Resource relationships in Yandex Managed Service for Apache Spark™
Yandex Managed Service for Apache Spark™ is a managed service for deploying Apache Spark™ clusters and running Spark/PySpark jobs in the Yandex Cloud infrastructure.
Yandex Managed Service for Apache Spark™ enables you to:
- Deploy clusters and manage them via the management console, Terraform, and API, without the need to administer clusters and VMs manually.
- Configure separate independent host pools for drivers and executors.
- Run jobs in Python, Scala, and Java while flexibly managing their settings.
- Define job dependencies in a declarative way, including pip, .deb, and Maven packages.
- Track job progress in the Spark app web interface and analyze results using logs in Yandex Cloud Logging and Spark History Server
. - Export job results to Object Storage, databases, and analytical data marts.
- Integrate with Apache Hive™ Metastore in the cluster configuration or in the job parameters.
- Set the preferred time and day of week for cluster maintenance.
Concepts and entities
The main entity Yandex Managed Service for Apache Spark™ operates is an Apache Spark™ cluster.
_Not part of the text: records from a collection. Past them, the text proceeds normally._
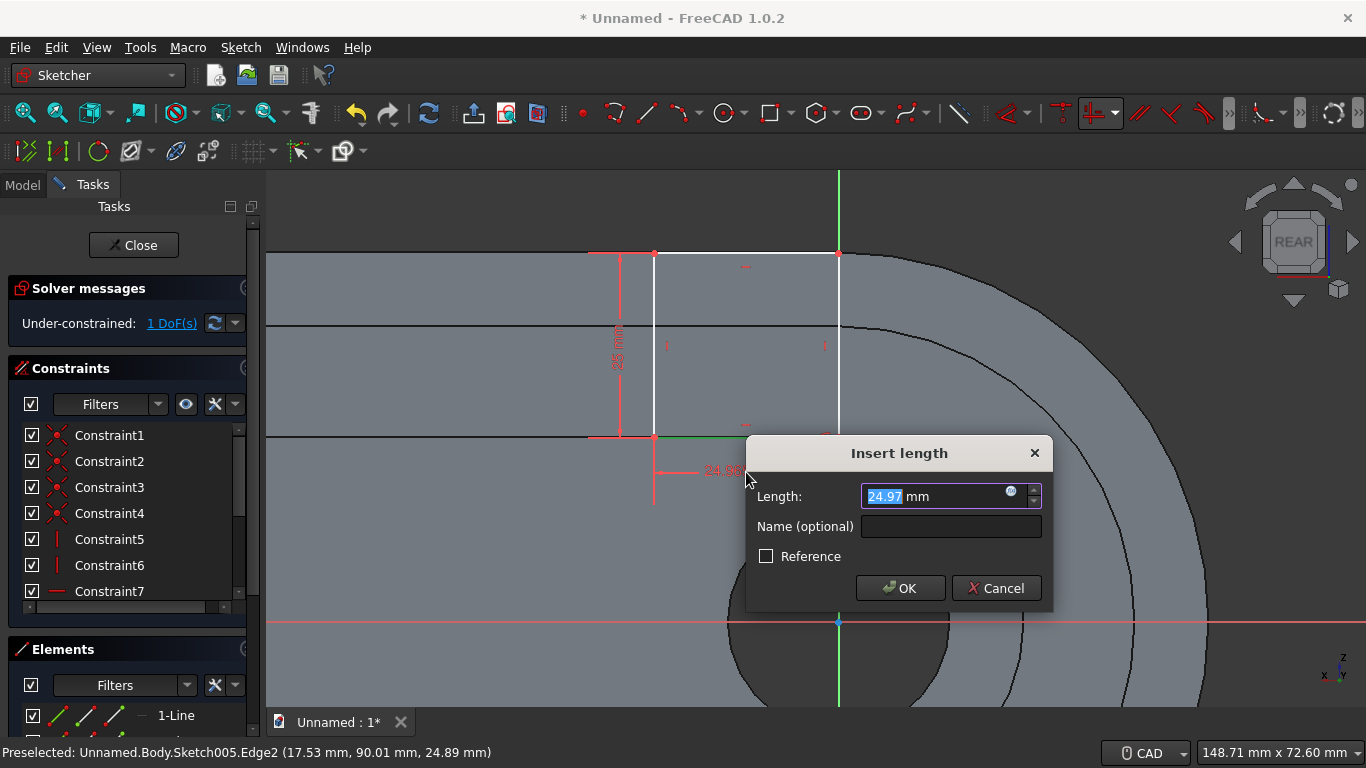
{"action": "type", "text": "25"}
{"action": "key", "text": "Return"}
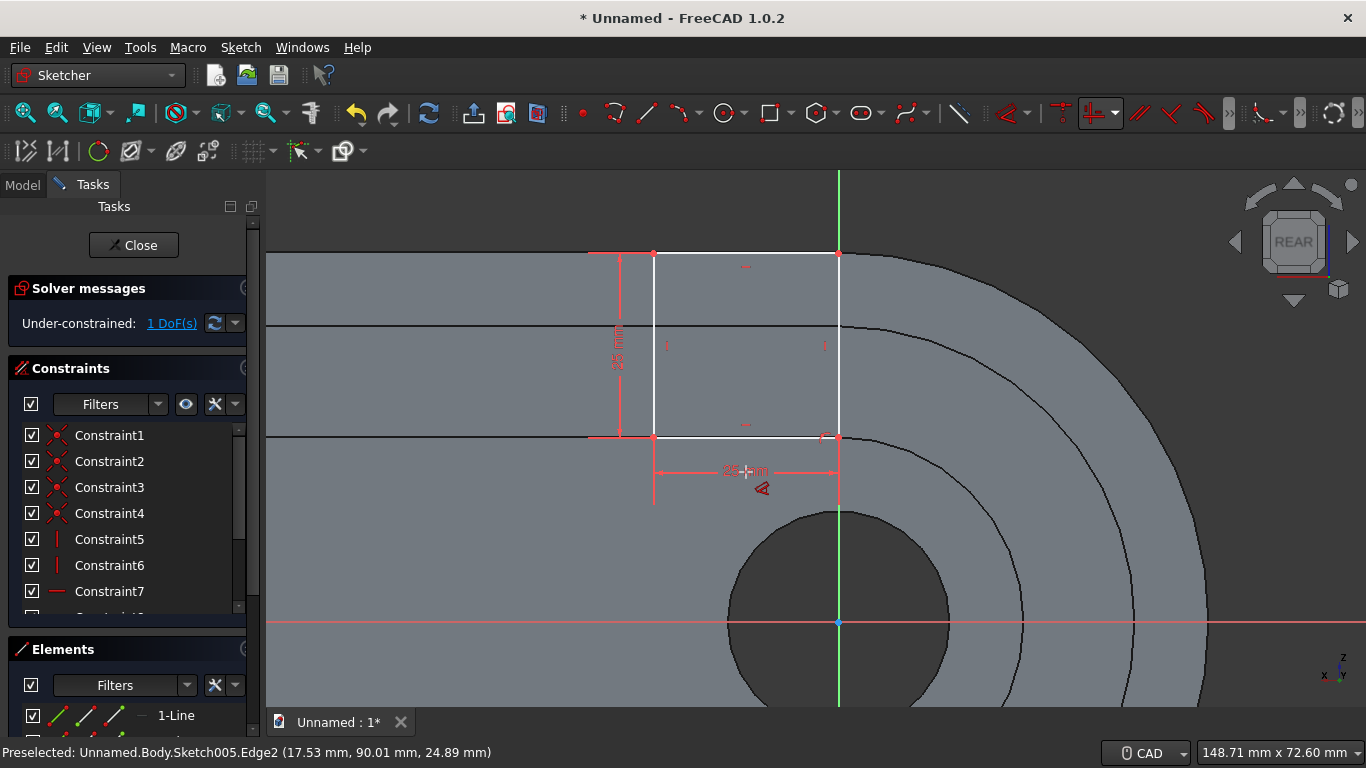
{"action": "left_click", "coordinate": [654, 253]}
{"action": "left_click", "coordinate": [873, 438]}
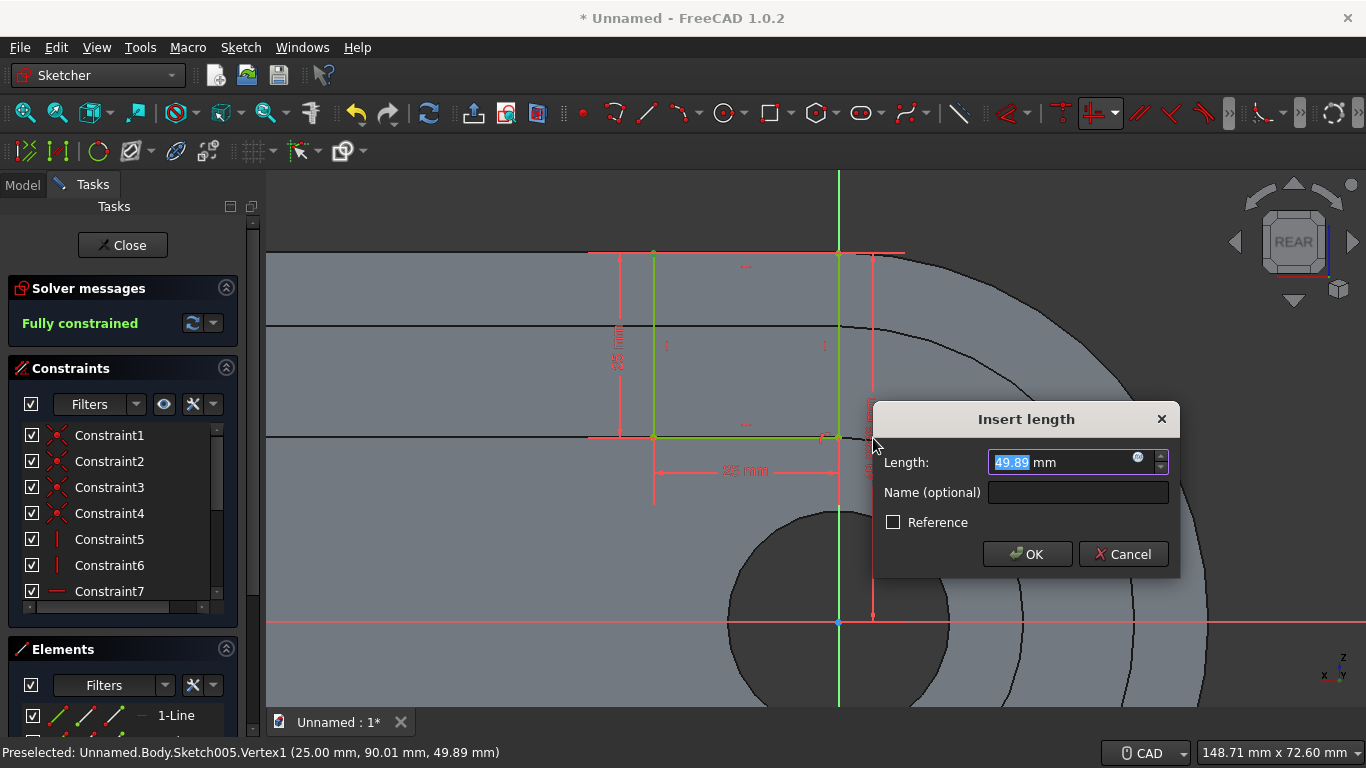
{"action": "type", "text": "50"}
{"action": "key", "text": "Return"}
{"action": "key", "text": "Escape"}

Running a job in a cluster creates a Spark application. This applications includes the following processes:
- Driver: This is the coordinator process that creates the job plan, breaks the work down into stages and issues, tracks the order of tasks, and sends requests to create executors and releases them.
- Executors: These are processes handling individual tasks within a job.
Host pools
An Apache Spark™ cluster consists of three host groups (pools):
-
Driver host pool to run drivers and some service components (networking, logging, metrics, etc.).
-
Executor host pool to run executors and some service components.
-
Auxiliary pool to run Spark History Server and other system components.
You can configure the host pools for drivers and executors by specifying the number of hosts in each pool and their class. Number of hosts in each of the two pools can be either fixed or autoscalable. The pools are configured when you create or update an Apache Spark™ cluster.
Job
A job is a specification for running a Spark application on the selected Apache Spark™ cluster.
A job includes:
-
Target Apache Spark™ cluster.
Note
Some cluster configuration elements set the default job parameters which can be overriden at the job level. You cannot override the following: network settings, service account, Deb-packages, use of Spark History Server, and logging settings.
-
Job type:
Sparkfor Java and Scala orPySparkfor Python. -
Executable module and entry point: JAR file or main class for a
Sparkjob or a PY file for aPySparkjob. -
Arguments for running the job.
-
Spark properties: Job run resources, dynamic allocation and parallelism parameters, SQL parameters, etc.
-
Libraries and files: JAR files, Maven packages, additional files and archives.
Parallelism and autoscaling
One driver host may simultaneously run one or multiple jobs. The exact number depends on the following:
- Driver host class, i.e., memory size and number of cores per host.
- Resources requested by each job.
- Host resources reserved for internal needs.
The number of driver hosts can be:
- Fixed, if autoscaling is disabled for driver hosts.
- Autoscalable, i.e., changing dynamically depending on the number of available cores and memory size, if autoscaling is enabled for driver hosts.
Overall, the number of jobs a Apache Spark™ cluster can run simultaneously depends on the following factors:
- Specified number of driver hosts or autoscaling settings.
- Host class.
- Parameters of each job.
- Amount of resources reserved for internal needs.